> **WHAT IS EXPECTED**:
In the entries that follow, find the line containing "text Het Algemeen"; from there, copy every line exactly through the line containing "text De rechten bedoeld".
[[ GIVEN DATA open ]]
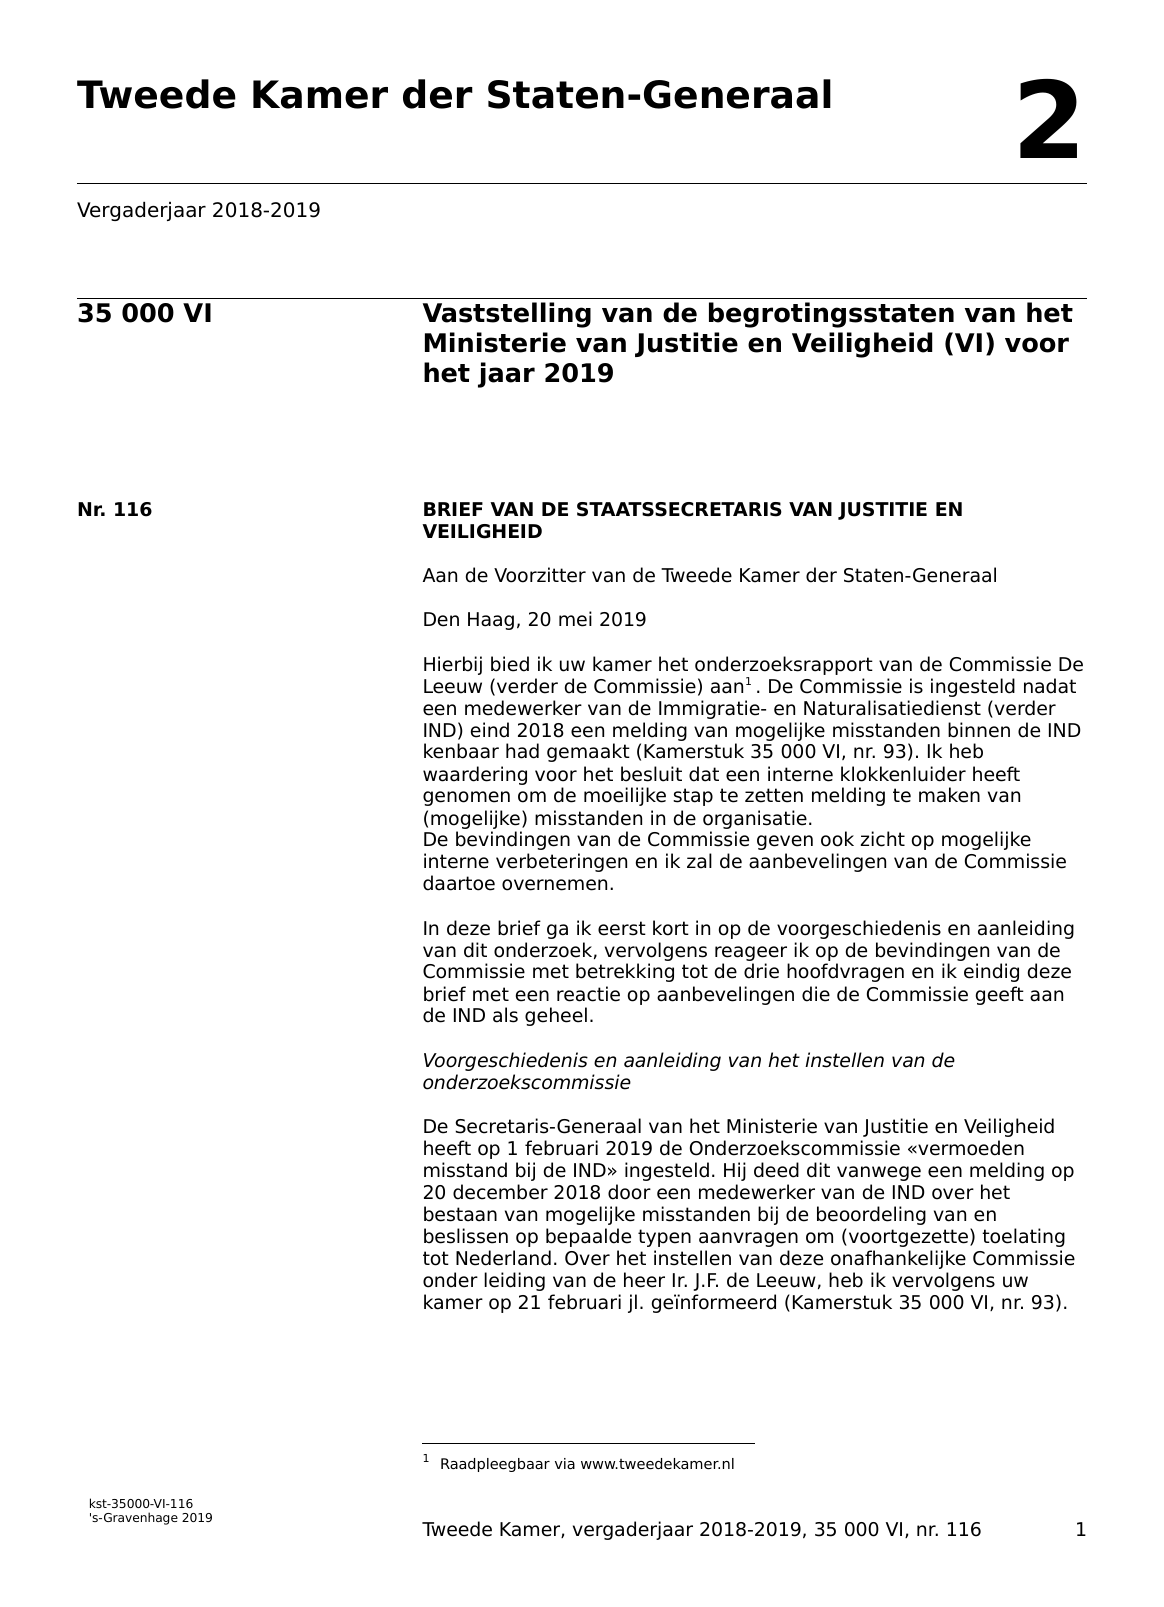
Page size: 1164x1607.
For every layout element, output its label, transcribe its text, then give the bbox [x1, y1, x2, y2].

subtitle Voorgeschiedenis en aanleiding van het instellen van de onderzoekscommissie [422, 1049, 1087, 1093]
subtitle Nr. 116 BRIEF VAN DE STAATSSECRETARIS VAN JUSTITIE EN VEILIGHEID [77, 499, 1087, 543]
text Aan de Voorzitter van de Tweede Kamer der Staten-Generaal [422, 565, 1087, 587]
text De bevindingen van de Commissie geven ook zicht op mogelijke interne verbeteringen en ik zal de aanbevelingen van de Commissie daartoe overnemen. [422, 829, 1087, 895]
table_cell Vergaderjaar 2018-2019 [77, 184, 1087, 298]
table_header Tweede Kamer der Staten-Generaal [77, 59, 886, 183]
text kst-35000-VI-116 [88, 1497, 323, 1511]
text In deze brief ga ik eerst kort in op de voorgeschiedenis en aanleiding van dit onderzoek, vervolgens reageer ik op de bevindingen van de Commissie met betrekking tot de drie hoofdvragen en ik eindig deze brief met een reactie op aanbevelingen die de Commissie geeft aan de IND als geheel. [422, 917, 1087, 1027]
text Den Haag, 20 mei 2019 [422, 609, 1087, 631]
text 's-Gravenhage 2019 [88, 1511, 323, 1525]
text De Secretaris-Generaal van het Ministerie van Justitie en Veiligheid heeft op 1 februari 2019 de Onderzoekscommissie «vermoeden misstand bij de IND» ingesteld. Hij deed dit vanwege een melding op 20 december 2018 door een medewerker van de IND over het bestaan van mogelijke misstanden bij de beoordeling van en beslissen op bepaalde typen aanvragen om (voortgezette) toelating tot Nederland. Over het instellen van deze onafhankelijke Commissie onder leiding van de heer Ir. J.F. de Leeuw, heb ik vervolgens uw kamer op 21 februari jl. geïnformeerd (Kamerstuk 35 000 VI, nr. 93). [422, 1116, 1087, 1313]
text Raadpleegbaar via www.tweedekamer.nl [422, 1452, 1087, 1474]
table_header 2 [886, 59, 1087, 183]
text Hierbij bied ik uw kamer het onderzoeksrapport van de Commissie De Leeuw (verder de Commissie) aan. De Commissie is ingesteld nadat een medewerker van de Immigratie- en Naturalisatiedienst (verder IND) eind 2018 een melding van mogelijke misstanden binnen de IND kenbaar had gemaakt (Kamerstuk 35 000 VI, nr. 93). Ik heb waardering voor het besluit dat een interne klokkenluider heeft genomen om de moeilijke stap te zetten melding te maken van (mogelijke) misstanden in de organisatie. [422, 653, 1087, 829]
subtitle 35 000 VI Vaststelling van de begrotingsstaten van het Ministerie van Justitie en Veiligheid (VI) voor het jaar 2019 [77, 299, 1087, 388]
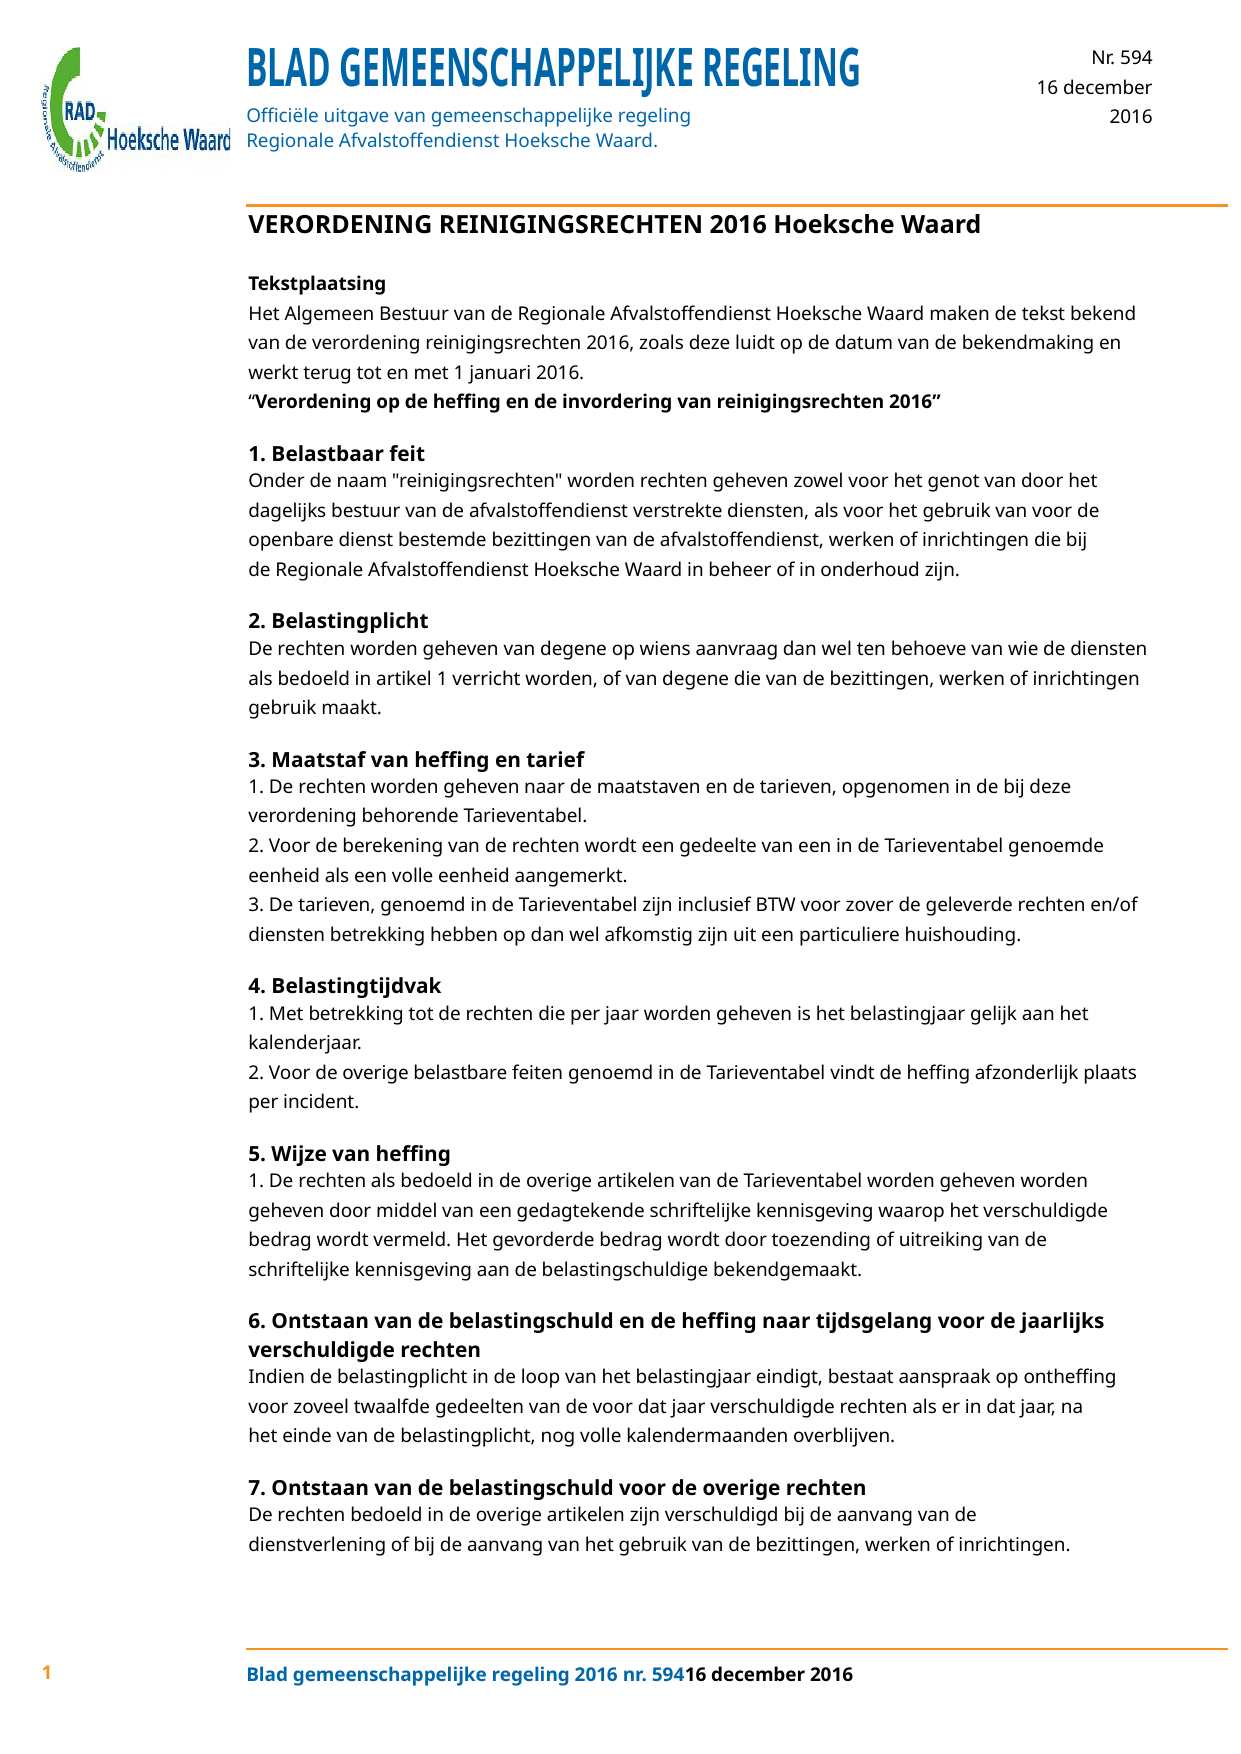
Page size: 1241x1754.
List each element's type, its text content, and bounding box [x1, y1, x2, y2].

text openbare dienst bestemde bezittingen van de afvalstoffendienst, werken of inrichtingen die bij [248, 527, 1152, 552]
text het einde van de belastingplicht, nog volle kalendermaanden overblijven. [248, 1423, 1152, 1448]
text 1. Met betrekking tot de rechten die per jaar worden geheven is het belastingjaar gelijk aan het kalenderjaar. [248, 1000, 1152, 1055]
text 1. De rechten worden geheven naar de maatstaven en de tarieven, opgenomen in de bij deze verordening behorende Tarieventabel. [248, 773, 1152, 828]
text Indien de belastingplicht in de loop van het belastingjaar eindigt, bestaat aanspraak op ontheffing [248, 1363, 1152, 1389]
text de Regionale Afvalstoffendienst Hoeksche Waard in beheer of in onderhoud zijn. [248, 556, 1152, 582]
text 1. De rechten als bedoeld in de overige artikelen van de Tarieventabel worden geheven worden geheven door middel van een gedagtekende schriftelijke kennisgeving waarop het verschuldigde bedrag wordt vermeld. Het gevorderde bedrag wordt door toezending of uitreiking van de schriftelijke kennisgeving aan de belastingschuldige bekendgemaakt. [248, 1167, 1152, 1282]
text 2. Belastingplicht [248, 607, 1152, 635]
text 1. Belastbaar feit [248, 439, 1152, 467]
text “Verordening op de heffing en de invordering van reinigingsrechten 2016” [248, 389, 1152, 414]
picture [41, 47, 231, 172]
text dagelijks bestuur van de afvalstoffendienst verstrekte diensten, als voor het gebruik van voor de [248, 497, 1152, 523]
text 5. Wijze van heffing [248, 1139, 1152, 1167]
text Onder de naam "reinigingsrechten" worden rechten geheven zowel voor het genot van door het [248, 467, 1152, 493]
text 4. Belastingtijdvak [248, 971, 1152, 1000]
text Tekstplaatsing [248, 270, 1152, 296]
text dienstverlening of bij de aanvang van het gebruik van de bezittingen, werken of inrichtingen. [248, 1531, 1152, 1557]
text Het Algemeen Bestuur van de Regionale Afvalstoffendienst Hoeksche Waard maken de tekst bekend van de verordening reinigingsrechten 2016, zoals deze luidt op de datum van de bekendmaking en werkt terug tot en met 1 januari 2016. [248, 300, 1152, 385]
text De rechten bedoeld in de overige artikelen zijn verschuldigd bij de aanvang van de [248, 1502, 1152, 1527]
text 3. Maatstaf van heffing en tarief [248, 745, 1152, 773]
text voor zoveel twaalfde gedeelten van de voor dat jaar verschuldigde rechten als er in dat jaar, na [248, 1393, 1152, 1419]
text 2. Voor de berekening van de rechten wordt een gedeelte van een in de Tarieventabel genoemde eenheid als een volle eenheid aangemerkt. [248, 832, 1152, 888]
text De rechten worden geheven van degene op wiens aanvraag dan wel ten behoeve van wie de diensten als bedoeld in artikel 1 verricht worden, of van degene die van de bezittingen, werken of inrichtingen gebruik maakt. [248, 635, 1152, 720]
text 7. Ontstaan van de belastingschuld voor de overige rechten [248, 1473, 1152, 1502]
text VERORDENING REINIGINGSRECHTEN 2016 Hoeksche Waard [248, 207, 1152, 241]
text 6. Ontstaan van de belastingschuld en de heffing naar tijdsgelang voor de jaarlijks verschuldigde rechten [248, 1307, 1152, 1363]
text 2. Voor de overige belastbare feiten genoemd in de Tarieventabel vindt de heffing afzonderlijk plaats per incident. [248, 1059, 1152, 1114]
text 3. De tarieven, genoemd in de Tarieventabel zijn inclusief BTW voor zover de geleverde rechten en/of diensten betrekking hebben op dan wel afkomstig zijn uit een particuliere huishouding. [248, 891, 1152, 947]
[[ GIVEN DATA closed ]]
> **RESULT**:
text Het Algemeen Bestuur van de Regionale Afvalstoffendienst Hoeksche Waard maken de tekst bekend van de verordening reinigingsrechten 2016, zoals deze luidt op de datum van de bekendmaking en werkt terug tot en met 1 januari 2016. [248, 300, 1152, 385]
text De rechten bedoeld in de overige artikelen zijn verschuldigd bij de aanvang van de [248, 1502, 1152, 1527]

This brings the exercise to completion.